Gurubesar Ilmu Politik Universitas Indonesia, Prof Valina Singka Subekti menjelaskan, Pasal 8 ayat (2) PKPU Nomor 10 Tahun 2023 mencerminkan kemunduran.
Sebab dalam peraturan-peraturan KPU sebelumnya, Undang-Undang Pemilihan Umum, berbagai undang-undang terkait lainnya, dan Undang-Undang Dasar Negara Republik Indonesia 1945 telah menjamin keterwakilan perempuan untuk dipilih saat pemilihan umum. Yaitu melalui penetapan kuota paling sedikit 30 persen dalam pencalonan anggota legislatif.
"Saya kira (KPU) itu diuji, dan KPU harus lulus ujian. Jangan sampai tidak lolos ujian. Kita sama-sama mendorong KPU untuk percaya diri tetap jalan merevisi PKPU Nomor 10 Tahun 2023 Pasal 8 itu. Ini sudah menjadi komitmen nasional mengenai keterwakilan perempuan, 30 persen itu," kata Prof Valina saat menyampaikan pernyataan sikap bersama Masyarakat Peduli Keterwakilan Perempuan di Jakarta, Minggu (21/5), yang disiarkan kanal YouTube Perludem, Senin (22/5).
"KPU harus mematuhi konstitusi, undang-undang, dan mendengar aspirasi masyarakat, karena pada dasarnya penyelenggara pemilu itu melayani masyarakat, melayani voters," sambungnya.
Wacana revisi PKPU Nomor 10/2023 menuai polemik menyusul perbedaan sikap antara pemerintah, Komisi II DPR RI, dan lembaga penyelenggara pemilu mengenai perbaikan beberapa pasal dalam peraturan tersebut.
KPU bersama Badan Pengawas Pemilu (Bawaslu) dan Dewan Kehormatan Penyelenggara Pemilu (DKPP) sepakat merevisi PKPU No 10/2023 terutama Pasal 8 ayat (2). Namun, Komisi II DR RI saat RDP bersama KPU, Bawaslu, DKPP, dan Kementerian Dalam Negeri, berpandangan tidak perlu merevisi PKPU No 10/2023.
Merespons hal tersebut, Prof Valina yang merupakan anggota DKPP periode 2012-2017 dan anggota KPU periode 2012-2017, menilai hasil RDP ataupun sikap dari Komisi II DPR RI jangan sampai mendikte sikap dan keputusan KPU.
Valin beralasan, Pasal 22E ayat (5) UUD 1945 mengatur KPU sebagai penyelenggara pemilu harus mandiri.

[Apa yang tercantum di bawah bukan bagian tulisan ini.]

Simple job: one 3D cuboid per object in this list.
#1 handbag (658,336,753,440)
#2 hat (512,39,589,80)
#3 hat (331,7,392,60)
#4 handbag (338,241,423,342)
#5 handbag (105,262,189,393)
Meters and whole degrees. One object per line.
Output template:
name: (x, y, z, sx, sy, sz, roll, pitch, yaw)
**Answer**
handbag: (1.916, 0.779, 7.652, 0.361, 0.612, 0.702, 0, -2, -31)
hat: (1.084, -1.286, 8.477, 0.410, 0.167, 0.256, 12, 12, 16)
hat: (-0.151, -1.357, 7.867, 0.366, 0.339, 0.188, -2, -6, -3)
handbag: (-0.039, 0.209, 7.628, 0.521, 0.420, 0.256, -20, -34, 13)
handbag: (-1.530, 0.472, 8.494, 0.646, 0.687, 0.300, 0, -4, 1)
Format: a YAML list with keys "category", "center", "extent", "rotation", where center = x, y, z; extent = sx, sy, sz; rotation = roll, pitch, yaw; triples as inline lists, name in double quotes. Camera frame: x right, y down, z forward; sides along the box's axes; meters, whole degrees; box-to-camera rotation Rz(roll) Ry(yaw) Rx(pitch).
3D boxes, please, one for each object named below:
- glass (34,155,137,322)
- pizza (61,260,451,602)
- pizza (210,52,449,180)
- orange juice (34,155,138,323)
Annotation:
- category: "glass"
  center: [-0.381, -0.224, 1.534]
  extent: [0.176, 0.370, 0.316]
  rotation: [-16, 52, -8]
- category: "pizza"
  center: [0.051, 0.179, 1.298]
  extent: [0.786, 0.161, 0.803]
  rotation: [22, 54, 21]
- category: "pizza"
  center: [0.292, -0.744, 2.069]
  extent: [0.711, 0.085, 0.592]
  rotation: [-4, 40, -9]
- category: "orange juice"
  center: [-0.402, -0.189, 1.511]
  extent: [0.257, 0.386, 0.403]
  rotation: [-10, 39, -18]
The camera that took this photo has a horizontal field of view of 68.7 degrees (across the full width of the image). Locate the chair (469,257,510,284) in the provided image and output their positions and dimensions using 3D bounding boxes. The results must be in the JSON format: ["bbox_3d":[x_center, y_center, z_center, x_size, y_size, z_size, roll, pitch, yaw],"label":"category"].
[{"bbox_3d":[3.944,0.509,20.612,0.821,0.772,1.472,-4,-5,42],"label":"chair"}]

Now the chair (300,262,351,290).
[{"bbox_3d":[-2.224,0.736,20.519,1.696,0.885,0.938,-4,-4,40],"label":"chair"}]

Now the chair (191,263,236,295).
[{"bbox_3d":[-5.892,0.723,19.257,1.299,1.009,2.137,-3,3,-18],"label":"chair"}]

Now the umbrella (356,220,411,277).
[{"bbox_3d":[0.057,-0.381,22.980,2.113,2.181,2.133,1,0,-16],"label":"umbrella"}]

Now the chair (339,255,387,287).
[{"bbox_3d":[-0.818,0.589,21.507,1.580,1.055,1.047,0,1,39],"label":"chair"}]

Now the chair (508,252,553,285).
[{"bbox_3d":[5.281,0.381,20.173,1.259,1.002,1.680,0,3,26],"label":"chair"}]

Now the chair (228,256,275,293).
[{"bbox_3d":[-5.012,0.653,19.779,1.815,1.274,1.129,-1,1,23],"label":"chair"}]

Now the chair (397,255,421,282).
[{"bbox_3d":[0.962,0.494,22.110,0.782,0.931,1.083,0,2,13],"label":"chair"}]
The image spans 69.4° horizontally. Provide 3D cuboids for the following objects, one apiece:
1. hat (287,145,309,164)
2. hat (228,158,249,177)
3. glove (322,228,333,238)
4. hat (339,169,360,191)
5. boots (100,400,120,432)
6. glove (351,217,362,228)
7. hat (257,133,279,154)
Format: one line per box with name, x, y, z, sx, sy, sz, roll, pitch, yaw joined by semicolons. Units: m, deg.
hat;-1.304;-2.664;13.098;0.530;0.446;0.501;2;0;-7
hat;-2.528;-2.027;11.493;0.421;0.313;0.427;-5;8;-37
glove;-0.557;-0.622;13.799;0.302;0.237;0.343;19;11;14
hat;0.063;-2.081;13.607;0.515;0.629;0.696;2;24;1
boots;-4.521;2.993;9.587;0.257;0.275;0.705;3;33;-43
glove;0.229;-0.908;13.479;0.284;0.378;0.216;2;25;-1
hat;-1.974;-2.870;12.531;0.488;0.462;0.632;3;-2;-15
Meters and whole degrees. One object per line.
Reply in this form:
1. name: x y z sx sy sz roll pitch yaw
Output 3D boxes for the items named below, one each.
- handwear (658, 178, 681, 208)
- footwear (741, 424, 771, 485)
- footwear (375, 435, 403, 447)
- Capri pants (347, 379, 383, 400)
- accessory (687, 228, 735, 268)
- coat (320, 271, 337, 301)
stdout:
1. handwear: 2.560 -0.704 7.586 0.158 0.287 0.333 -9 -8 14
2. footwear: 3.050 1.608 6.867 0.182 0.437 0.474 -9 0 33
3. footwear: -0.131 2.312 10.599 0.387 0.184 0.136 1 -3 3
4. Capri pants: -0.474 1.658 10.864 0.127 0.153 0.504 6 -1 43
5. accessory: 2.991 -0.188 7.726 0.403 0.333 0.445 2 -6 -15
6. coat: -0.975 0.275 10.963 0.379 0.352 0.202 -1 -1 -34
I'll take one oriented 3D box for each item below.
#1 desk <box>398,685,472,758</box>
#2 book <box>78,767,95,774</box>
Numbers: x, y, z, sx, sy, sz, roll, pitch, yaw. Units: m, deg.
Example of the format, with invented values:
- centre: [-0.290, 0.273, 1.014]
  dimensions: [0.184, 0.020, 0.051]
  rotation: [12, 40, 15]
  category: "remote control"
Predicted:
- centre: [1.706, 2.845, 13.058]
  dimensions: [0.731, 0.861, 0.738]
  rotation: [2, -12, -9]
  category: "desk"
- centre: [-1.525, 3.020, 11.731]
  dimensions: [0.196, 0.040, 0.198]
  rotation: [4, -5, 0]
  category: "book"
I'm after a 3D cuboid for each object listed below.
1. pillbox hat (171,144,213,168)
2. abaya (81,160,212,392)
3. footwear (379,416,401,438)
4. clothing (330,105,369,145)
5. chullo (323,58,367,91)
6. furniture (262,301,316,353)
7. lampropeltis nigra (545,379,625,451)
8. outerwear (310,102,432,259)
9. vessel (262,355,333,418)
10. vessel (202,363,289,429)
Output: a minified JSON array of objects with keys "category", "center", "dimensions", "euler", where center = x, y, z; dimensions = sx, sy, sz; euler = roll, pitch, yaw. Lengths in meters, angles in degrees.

"Mari kita kawal bersama. Kita yakinkan KPU, juga mengimbau Bawaslu dan DKPP yang bersama-sama mengawal KPU supaya tetap konsisten merevisi PKPU tersebut," tutup Prof Valina.
Adapun Pasal 8 ayat (2) PKPU No 10/2023 mengatur jika dalam penghitungan 30 persen bakal calon perempuan di setiap daerah pemilihan (dapil) menghasilkan angka pecahan dengan dua tempat desimal di belakang koma bernilai kurang dari 50, maka hasil penghitungan dilakukan pembulatan ke bawah.
Menurut Masyarakat Peduli Keterwakilan Perempuan, yang mewakili beberapa organisasi masyarakat sipil, aktivis, dan akademisi, aturan itu bertentangan dengan Pasal 245 UU Nomor 7 Tahun 2017 tentang Pemilihan Umum, dan melanggar esensi dari Pasal 28H ayat (2) UUD 1945.